Higher energy prices reduce GDP by 0.11% in 2021 and 0.19% in 2022, says CNI

The rise in the electricity bill — a consequence of the worst water crisis in the last 90 years — has tightened the budget of Brazilian families in recent months and will directly impact the recovery of economic activity.

According to a study by the National Confederation of Industry (CNI), released this Wednesday (3), inflation on electricity results in a drop of 0.11% of the GDP (Gross Domestic Product) 2021 and 0.19% in next year’s indicator. The amounts are equivalent to losses of R$8.2 billion and R$14.2 billion, respectively, at 2020 prices.

No job market, inflation on electricity should result in a loss of 166,000 jobs this year and 290,000 jobs in 2022, compared to the number of people employed between April and June 2021.

Alone, the PIB industrial, relative to the total industry (industry and manufacturing, public utility industrial services and construction) should suffer a reduction of 0.17%, equivalent to a loss of R$2.2 billion at 2020 prices.

“This year, the industry employment The total should fall by 0.20%, equivalent to a loss of 33.9 thousand jobs in relation to the number of people employed between April and June 2021″.

In 2022, industrial GDP is expected to fall by 0.29%, and employment in the total industry sector is expected to decline by 0.30%, equivalent to 50.8 thousand jobs.

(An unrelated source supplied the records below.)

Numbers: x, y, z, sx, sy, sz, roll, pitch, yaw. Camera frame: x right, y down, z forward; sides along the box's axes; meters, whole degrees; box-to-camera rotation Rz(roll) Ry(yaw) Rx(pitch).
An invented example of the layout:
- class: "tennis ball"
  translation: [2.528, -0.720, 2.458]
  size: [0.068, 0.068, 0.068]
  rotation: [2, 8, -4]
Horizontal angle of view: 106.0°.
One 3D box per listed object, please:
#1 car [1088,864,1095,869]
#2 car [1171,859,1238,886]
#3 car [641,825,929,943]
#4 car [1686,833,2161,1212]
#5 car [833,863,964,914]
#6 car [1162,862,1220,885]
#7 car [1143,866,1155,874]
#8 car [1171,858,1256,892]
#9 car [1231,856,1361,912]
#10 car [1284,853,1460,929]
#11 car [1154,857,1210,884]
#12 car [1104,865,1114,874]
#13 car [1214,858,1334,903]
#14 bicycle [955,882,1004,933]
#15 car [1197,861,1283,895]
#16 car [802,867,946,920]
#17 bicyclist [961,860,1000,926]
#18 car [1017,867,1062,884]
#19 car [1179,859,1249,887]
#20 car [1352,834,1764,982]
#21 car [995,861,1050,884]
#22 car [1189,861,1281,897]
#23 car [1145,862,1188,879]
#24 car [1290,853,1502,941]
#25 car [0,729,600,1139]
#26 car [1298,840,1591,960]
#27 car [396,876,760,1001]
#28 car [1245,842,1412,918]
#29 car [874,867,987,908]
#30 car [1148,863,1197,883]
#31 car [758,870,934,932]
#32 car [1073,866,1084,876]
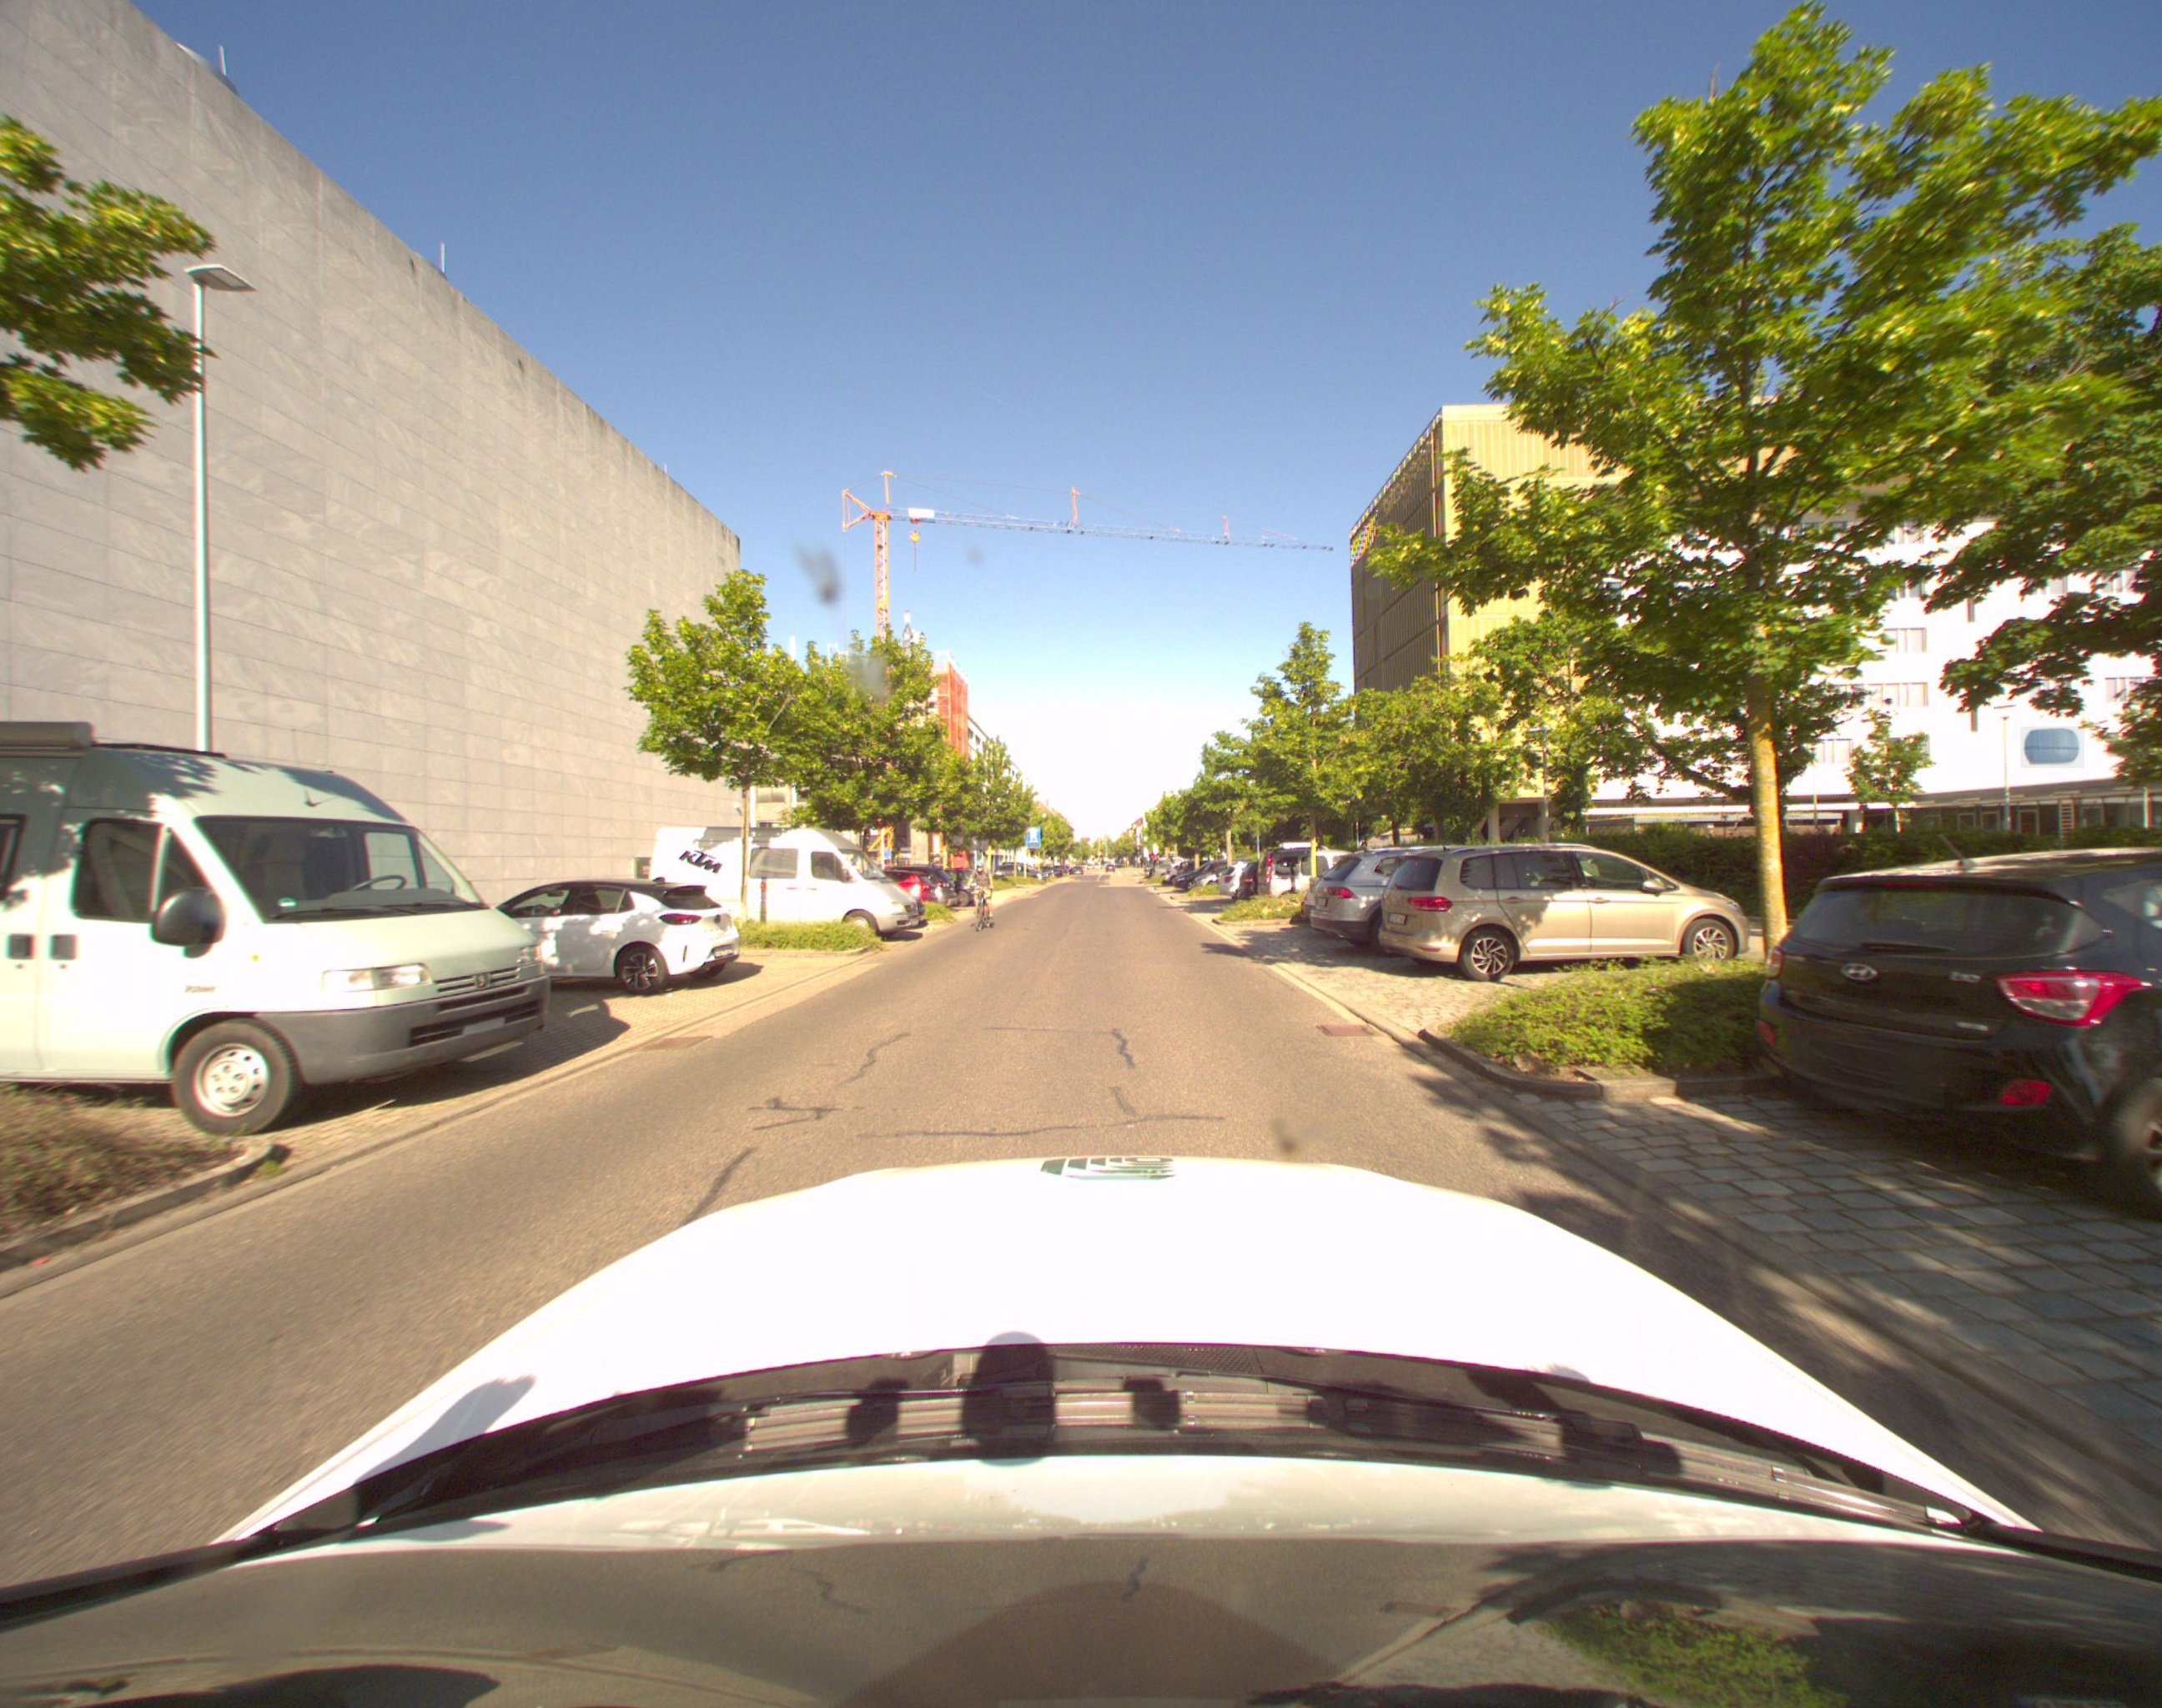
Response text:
- class: "car"
  translation: [3.120, 3.621, 237.840]
  size: [1.804, 1.474, 4.113]
  rotation: [-2, 0, 3]
- class: "car"
  translation: [7.759, 1.170, 51.649]
  size: [3.971, 1.582, 2.032]
  rotation: [-2, -1, 2]
- class: "car"
  translation: [-6.324, 0.615, 17.817]
  size: [5.527, 2.410, 1.989]
  rotation: [0, -1, 3]
- class: "car"
  translation: [5.524, 0.649, 4.209]
  size: [3.442, 1.489, 1.746]
  rotation: [-3, -2, -1]
- class: "car"
  translation: [-6.183, 1.155, 27.867]
  size: [3.968, 1.664, 1.830]
  rotation: [0, -1, 4]
- class: "car"
  translation: [7.608, 1.348, 56.448]
  size: [3.752, 1.459, 1.818]
  rotation: [-2, -1, 1]
- class: "car"
  translation: [13.750, 3.290, 164.672]
  size: [1.983, 1.474, 4.110]
  rotation: [-2, 0, 0]
- class: "car"
  translation: [6.838, 1.062, 42.259]
  size: [4.130, 1.580, 1.741]
  rotation: [-2, -1, 0]
- class: "car"
  translation: [6.697, 0.917, 25.606]
  size: [3.595, 1.549, 1.707]
  rotation: [-2, 0, -1]
- class: "car"
  translation: [6.546, 0.816, 18.504]
  size: [3.360, 1.530, 1.596]
  rotation: [-2, -1, -7]
- class: "car"
  translation: [7.448, 1.196, 60.525]
  size: [3.971, 1.879, 1.683]
  rotation: [-2, 0, 2]
- class: "car"
  translation: [5.548, 3.051, 160.734]
  size: [1.804, 1.474, 4.113]
  rotation: [-2, 0, 3]
- class: "car"
  translation: [7.080, 0.963, 30.162]
  size: [4.045, 1.426, 1.743]
  rotation: [-3, -1, 3]
- class: "bicycle"
  translation: [-2.491, 1.305, 20.310]
  size: [0.694, 1.111, 2.083]
  rotation: [-3, -1, 6]
- class: "car"
  translation: [7.768, 1.153, 39.981]
  size: [3.850, 1.504, 1.652]
  rotation: [-2, -1, -1]
- class: "car"
  translation: [-6.413, 1.201, 25.527]
  size: [3.971, 1.517, 1.856]
  rotation: [-1, -1, 2]
- class: "bicyclist"
  translation: [-2.501, 0.946, 20.369]
  size: [0.680, 1.581, 1.063]
  rotation: [-3, -1, 6]
- class: "car"
  translation: [-4.136, 2.163, 81.720]
  size: [4.319, 1.474, 1.816]
  rotation: [-2, 0, -2]
- class: "car"
  translation: [7.966, 1.149, 48.988]
  size: [3.971, 1.538, 1.862]
  rotation: [-2, -2, 2]
- class: "car"
  translation: [6.073, 0.649, 10.749]
  size: [4.309, 1.608, 1.910]
  rotation: [-2, -1, -2]
- class: "car"
  translation: [-4.777, 1.504, 66.844]
  size: [4.247, 1.665, 1.599]
  rotation: [-2, 0, 0]
- class: "car"
  translation: [6.973, 1.113, 37.198]
  size: [3.887, 1.486, 1.743]
  rotation: [-2, -1, 0]
- class: "car"
  translation: [8.095, 1.550, 77.136]
  size: [3.893, 1.475, 1.760]
  rotation: [-2, -2, 5]
- class: "car"
  translation: [6.120, 0.795, 16.090]
  size: [3.489, 1.530, 1.736]
  rotation: [-2, 0, -4]
- class: "car"
  translation: [-6.818, 0.455, 6.008]
  size: [5.227, 2.418, 2.124]
  rotation: [1, -1, 2]
- class: "car"
  translation: [5.726, 0.679, 13.213]
  size: [3.887, 1.695, 1.940]
  rotation: [-2, 0, -1]
- class: "car"
  translation: [-6.687, 1.078, 11.133]
  size: [3.813, 1.472, 1.850]
  rotation: [0, -1, 3]
- class: "car"
  translation: [6.903, 0.684, 23.030]
  size: [4.106, 1.927, 1.978]
  rotation: [-2, 0, -1]
- class: "car"
  translation: [-5.901, 1.299, 32.332]
  size: [4.118, 1.492, 1.868]
  rotation: [0, 0, -2]
- class: "car"
  translation: [7.436, 1.501, 66.176]
  size: [3.893, 1.474, 1.798]
  rotation: [-2, 0, 5]
- class: "car"
  translation: [-5.911, 1.169, 20.808]
  size: [3.916, 1.485, 1.787]
  rotation: [0, -1, 3]
- class: "car"
  translation: [-0.411, 2.855, 134.449]
  size: [1.805, 1.474, 4.111]
  rotation: [-2, 0, 1]

See the impact of the increase in energy prices on sectors of economic activity in the two years:

These impacts on GDP and on household consumption are explained through a chain effect logic, as pointed out by Marcelo Azevedo, manager of economic analysis at CNI.

“The increase in the cost of electricity results in a higher price for consumers. Part of them starts to consume imported products. This results in lower production in the country, with effects that spread throughout the supply chain, which also start producing less. With less production, the sectors tend to need a smaller amount of labor. Part of the workers are fired, reducing the families’ income”, he said.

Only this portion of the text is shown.